После посещения острова Рудольфа «Ладога» повернула в обратный путь. Экскурсанты уже порядком устали от множества впечатлений, от круглые сутки светившего солнца, от частых туманов и почти непрестанного грохота льдин, ударявшихся о форштевень и борта судна. Все меньше и меньше находилось охотников высаживаться на пустынные острова, а под конец только наши друзья да еще два-три неутомимых экскурсанта не упускали ни одной возможности посетить негостеприимные берега скалистых громад.
– Ну что ж, – сказал как-то утром Степан Тимофеевич, – в последний раз высажу вас – и баста! Никакого расчета нет останавливать пароход из-за каких-нибудь шести-семи человек.
Поэтому Волька сговорился со всеми отправившимися вместе с ним на берег по-настоящему проститься с Землей Франца-Иосифа и не спешить с возвращением на «Ладогу». Тем более что Хоттабыча, торопившего обычно с возвращением, с ними в этот раз не было – он остался играть в шахматы со Степаном Тимофеевичем.
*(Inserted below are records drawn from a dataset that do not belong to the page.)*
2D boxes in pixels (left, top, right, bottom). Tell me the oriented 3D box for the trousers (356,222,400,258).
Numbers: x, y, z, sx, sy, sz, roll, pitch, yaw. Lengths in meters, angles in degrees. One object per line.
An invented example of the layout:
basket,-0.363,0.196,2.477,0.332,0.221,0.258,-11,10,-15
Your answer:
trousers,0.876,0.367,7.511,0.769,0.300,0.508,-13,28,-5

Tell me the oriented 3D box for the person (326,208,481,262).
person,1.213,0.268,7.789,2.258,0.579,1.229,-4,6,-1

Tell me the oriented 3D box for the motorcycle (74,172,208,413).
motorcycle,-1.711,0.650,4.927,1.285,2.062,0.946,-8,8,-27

– Ребята, – таинственно сказал своим приятелям Сережа, когда они через три часа, усталые, поднялись наконец по шторм-трапу на борт парохода, – айда ко мне в каюту! Я вам покажу кое-что интересное…
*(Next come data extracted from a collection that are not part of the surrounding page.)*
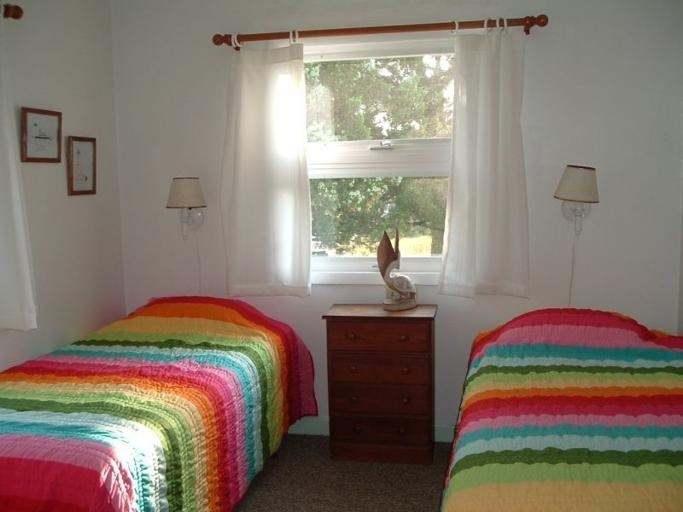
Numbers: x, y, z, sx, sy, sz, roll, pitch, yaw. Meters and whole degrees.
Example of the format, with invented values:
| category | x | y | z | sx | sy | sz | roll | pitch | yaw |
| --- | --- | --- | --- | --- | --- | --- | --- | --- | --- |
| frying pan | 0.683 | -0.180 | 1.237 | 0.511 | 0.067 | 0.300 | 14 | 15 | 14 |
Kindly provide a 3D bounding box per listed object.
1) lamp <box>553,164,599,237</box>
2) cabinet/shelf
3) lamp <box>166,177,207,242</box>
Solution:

– Ну вот, смотрите, – продолжал он, плотно притворив за собой дверь каюты, и извлек из-под полы своего пальтишка какой-то продолговатый предмет. – Что вы на это скажете? Я нашел эту посудину на противоположной стороне острова, у самого берега.
В руках у Сережи находился позеленевший от морской воды, а может быть, и от времени, небольшой, размером со столовый графин, медный сосуд.
– Его нужно сейчас же сдать Степану Тимофеевичу! – возбужденно сказал Волька. – Это, наверно, какая-нибудь экспедиция вложила в него письмо и нарочно бросила в воду, чтобы те, кто его выловит, узнали о ее бедственном положении.
– Правильно! – подтвердил со своей стороны Женя.
– Я тоже сначала так решил, – отвечал Сережа, – но потом сообразил, что ничего страшного не случится, если мы раньше сами вскроем эту посудину и первые посмотрим, что там внутри. Это же очень интересно. Правильно я говорю, ребята?
– Правильно! Конечно, правильно! – взбудораженно загалдели Волька с Женей.
Сережа, побледнев от сознания важности момента, довольно быстро соскреб с горлышка сосуда смолистую массу, которой оно было наглухо замазано. Под смолой оказалась массивная свинцовая крышка, покрытая какими-то письменами. Сережа с трудом отвинтил ее.
– А теперь, – сказал он, опрокидывая сосуд над своей койкой, – посмотрим, что там…
Он не успел закончить эту фразу, как из сосуда валом повалил густой черный дым, заполнивший всю каюту так, что стало темно и нечем было дышать. Однако через несколько секунд дым собрался, сжался и превратился в малопривлекательного старика со злобным лицом и глазами, горящими, как раскаленные угли.
Первым делом он упал на колени и, истово колотясь лбом о пол каюты, возопил громовым голосом:
– Нет бога, кроме Аллаха, а Сулейман пророк его!
После этих слов он еще несколько раз молча стукнулся лбом о пол с такой силой, что вещи, висевшие на стенах каюты, закачались, как во время сильной качки. Потом он снова вскричал:
– О пророк Аллаха, не убивай меня!..
– Разрешите справочку, – прервал его стенания перепуганный и в то же время заинтригованный Волька. – Если я не ошибаюсь, речь идет о бывшем еврейском царе Соломоне Давидовиче?
– Именно о нем, о презренный отрок, о нем, о Сулеймане ибн Дауде, да продлятся дни его на земле!
– Это еще большой вопрос, кто из нас презренный, – тактично возразил незнакомцу Волька. – А что касается вашего Сулеймана, то заявляю вполне официально: дни его ни в коем случае продлиться не могут. Он, извините, умер.
– Ты лжешь, несчастный, и дорого за это заплатишь!
– Напрасно злитесь, гражданин. Этот восточный феодал умер уже две тысячи девятьсот девятнадцать лет тому назад. Об этом даже в «Энциклопедии» написано.
– Кто открыл сосуд? – деловито осведомился тогда старичок, приняв, очевидно, к сведению Волькину справку.
– Я, – скромно отозвался Сережа, замирая от гордости. – Я. Но не стоит благодарности.
– Нет бога, кроме Аллаха! – воскликнул незнакомец, услышав слова Сережи. – Радуйся, о недостойный мальчишка!
– А чего это мне радоваться! – удивился Сережа. – Это вас спасли из заточения, вы и радуйтесь. А мне-то чему радоваться, чудак вы старичок?
– А тому, что я убью тебя сию же минуту злейшей смертью!